## TASK DETAILS
Which lines in the records below contain the word "size"? Report each of them.

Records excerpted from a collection
*-*-*

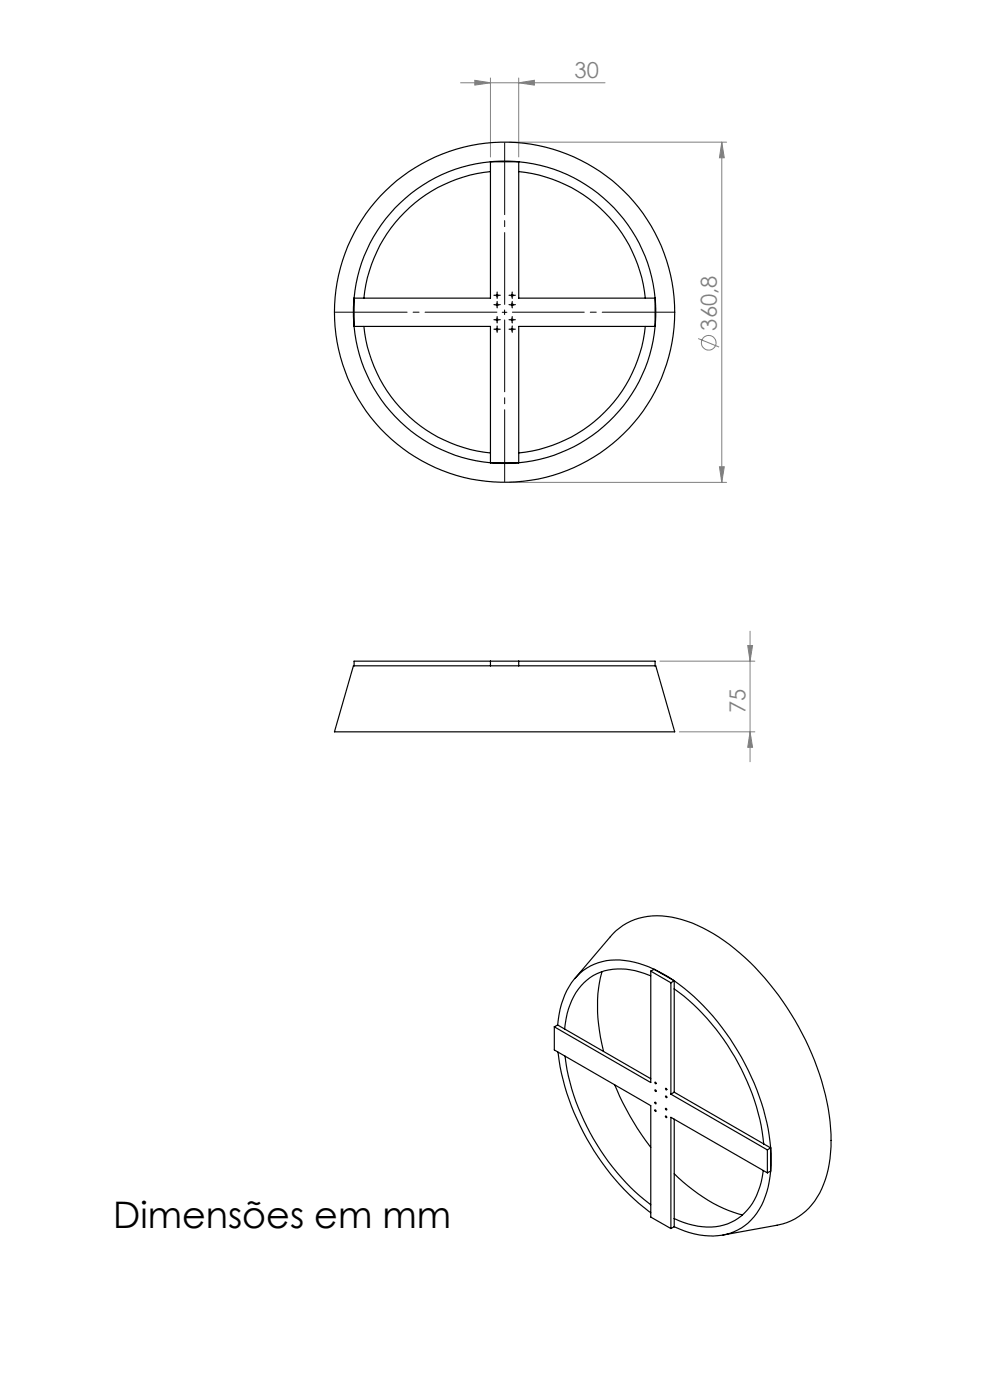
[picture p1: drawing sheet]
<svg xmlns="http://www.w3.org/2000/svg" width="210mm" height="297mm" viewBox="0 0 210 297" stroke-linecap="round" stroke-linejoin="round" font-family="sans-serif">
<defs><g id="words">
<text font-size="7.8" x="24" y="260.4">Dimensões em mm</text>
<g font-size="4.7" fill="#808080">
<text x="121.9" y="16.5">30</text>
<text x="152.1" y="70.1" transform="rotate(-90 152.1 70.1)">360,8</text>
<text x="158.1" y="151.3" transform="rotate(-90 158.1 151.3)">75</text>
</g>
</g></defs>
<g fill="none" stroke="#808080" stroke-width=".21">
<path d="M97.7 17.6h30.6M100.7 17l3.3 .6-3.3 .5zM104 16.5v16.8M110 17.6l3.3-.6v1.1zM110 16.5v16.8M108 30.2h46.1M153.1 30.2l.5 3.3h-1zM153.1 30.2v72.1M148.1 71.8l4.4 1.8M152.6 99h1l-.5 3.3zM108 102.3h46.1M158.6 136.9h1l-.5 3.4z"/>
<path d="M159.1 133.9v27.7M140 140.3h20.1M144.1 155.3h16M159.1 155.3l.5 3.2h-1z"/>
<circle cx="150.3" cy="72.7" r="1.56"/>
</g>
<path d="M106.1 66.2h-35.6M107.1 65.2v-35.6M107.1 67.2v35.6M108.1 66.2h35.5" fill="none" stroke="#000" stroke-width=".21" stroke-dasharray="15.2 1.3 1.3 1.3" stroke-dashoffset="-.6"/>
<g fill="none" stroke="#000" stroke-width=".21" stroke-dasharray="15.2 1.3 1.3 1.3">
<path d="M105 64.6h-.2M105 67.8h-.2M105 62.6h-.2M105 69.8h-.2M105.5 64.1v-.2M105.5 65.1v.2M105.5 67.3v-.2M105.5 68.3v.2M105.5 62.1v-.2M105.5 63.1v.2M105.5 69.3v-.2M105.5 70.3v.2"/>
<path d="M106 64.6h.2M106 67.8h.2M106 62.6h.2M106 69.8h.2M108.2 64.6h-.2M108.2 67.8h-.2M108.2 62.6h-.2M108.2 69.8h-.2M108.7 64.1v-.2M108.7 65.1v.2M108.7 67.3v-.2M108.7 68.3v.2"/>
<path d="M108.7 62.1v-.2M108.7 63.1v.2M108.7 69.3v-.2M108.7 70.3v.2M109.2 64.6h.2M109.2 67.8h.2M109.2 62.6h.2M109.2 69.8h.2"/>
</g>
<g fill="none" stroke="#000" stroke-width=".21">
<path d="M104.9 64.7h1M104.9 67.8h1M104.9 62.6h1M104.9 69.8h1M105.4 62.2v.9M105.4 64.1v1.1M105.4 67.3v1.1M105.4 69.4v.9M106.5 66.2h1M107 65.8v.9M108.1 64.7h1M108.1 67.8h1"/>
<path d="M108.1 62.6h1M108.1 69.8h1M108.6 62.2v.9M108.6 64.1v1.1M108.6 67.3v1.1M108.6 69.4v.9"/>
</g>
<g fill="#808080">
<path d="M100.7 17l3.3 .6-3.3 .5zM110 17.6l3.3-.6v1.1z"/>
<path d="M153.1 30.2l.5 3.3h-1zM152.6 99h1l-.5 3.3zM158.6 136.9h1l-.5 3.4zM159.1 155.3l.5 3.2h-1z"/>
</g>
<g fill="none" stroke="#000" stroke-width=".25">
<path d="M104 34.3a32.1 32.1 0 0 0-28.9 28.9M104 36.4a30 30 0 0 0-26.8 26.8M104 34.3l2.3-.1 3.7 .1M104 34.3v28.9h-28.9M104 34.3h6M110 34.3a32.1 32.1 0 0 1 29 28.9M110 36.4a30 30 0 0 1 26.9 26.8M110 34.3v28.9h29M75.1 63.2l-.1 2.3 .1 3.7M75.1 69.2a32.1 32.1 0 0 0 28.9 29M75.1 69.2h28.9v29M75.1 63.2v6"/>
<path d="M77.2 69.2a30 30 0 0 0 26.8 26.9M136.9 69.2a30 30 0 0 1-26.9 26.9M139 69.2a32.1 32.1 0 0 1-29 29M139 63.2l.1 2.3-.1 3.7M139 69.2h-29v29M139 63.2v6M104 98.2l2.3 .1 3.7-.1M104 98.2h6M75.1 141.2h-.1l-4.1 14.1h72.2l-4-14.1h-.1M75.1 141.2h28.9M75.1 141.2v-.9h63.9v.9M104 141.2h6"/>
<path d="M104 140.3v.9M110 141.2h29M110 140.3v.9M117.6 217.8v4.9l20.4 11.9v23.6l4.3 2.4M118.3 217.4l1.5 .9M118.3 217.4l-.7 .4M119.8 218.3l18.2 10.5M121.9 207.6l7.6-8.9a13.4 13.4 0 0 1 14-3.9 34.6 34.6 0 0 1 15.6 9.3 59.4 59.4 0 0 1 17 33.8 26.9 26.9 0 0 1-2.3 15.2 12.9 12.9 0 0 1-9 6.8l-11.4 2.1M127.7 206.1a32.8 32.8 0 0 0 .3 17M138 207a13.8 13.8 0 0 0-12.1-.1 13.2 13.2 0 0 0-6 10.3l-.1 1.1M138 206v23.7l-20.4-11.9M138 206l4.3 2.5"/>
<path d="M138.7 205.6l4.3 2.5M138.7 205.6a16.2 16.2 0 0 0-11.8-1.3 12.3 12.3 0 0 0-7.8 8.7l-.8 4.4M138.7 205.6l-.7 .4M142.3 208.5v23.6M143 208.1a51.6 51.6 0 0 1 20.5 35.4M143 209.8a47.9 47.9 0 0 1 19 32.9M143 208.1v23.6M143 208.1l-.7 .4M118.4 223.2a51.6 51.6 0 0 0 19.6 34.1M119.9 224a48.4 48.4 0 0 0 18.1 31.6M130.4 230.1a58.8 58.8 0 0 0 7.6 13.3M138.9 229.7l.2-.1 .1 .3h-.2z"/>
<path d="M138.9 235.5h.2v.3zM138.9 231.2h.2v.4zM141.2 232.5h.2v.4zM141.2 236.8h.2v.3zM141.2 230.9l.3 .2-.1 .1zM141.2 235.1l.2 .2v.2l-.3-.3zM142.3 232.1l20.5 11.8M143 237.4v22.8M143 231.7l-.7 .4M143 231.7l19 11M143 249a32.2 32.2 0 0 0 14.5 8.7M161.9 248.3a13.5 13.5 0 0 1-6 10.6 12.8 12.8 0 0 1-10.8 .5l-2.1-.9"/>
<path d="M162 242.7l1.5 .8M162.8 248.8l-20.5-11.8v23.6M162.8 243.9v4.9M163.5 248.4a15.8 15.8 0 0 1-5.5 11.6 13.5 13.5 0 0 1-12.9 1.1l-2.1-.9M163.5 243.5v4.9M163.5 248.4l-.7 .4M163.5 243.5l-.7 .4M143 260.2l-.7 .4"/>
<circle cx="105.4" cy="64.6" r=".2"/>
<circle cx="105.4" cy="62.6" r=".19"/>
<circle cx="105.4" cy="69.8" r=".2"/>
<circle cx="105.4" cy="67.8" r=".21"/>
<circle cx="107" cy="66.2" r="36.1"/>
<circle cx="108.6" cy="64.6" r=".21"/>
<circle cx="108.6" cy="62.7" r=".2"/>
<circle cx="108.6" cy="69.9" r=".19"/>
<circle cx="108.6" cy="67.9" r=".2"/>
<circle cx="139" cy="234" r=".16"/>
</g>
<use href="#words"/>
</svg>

*-*-*

## RESPONSE TO THIS EXERCISE
<text font-size="7.8" x="24" y="260.4">Dimensões em mm</text>
<g font-size="4.7" fill="#808080">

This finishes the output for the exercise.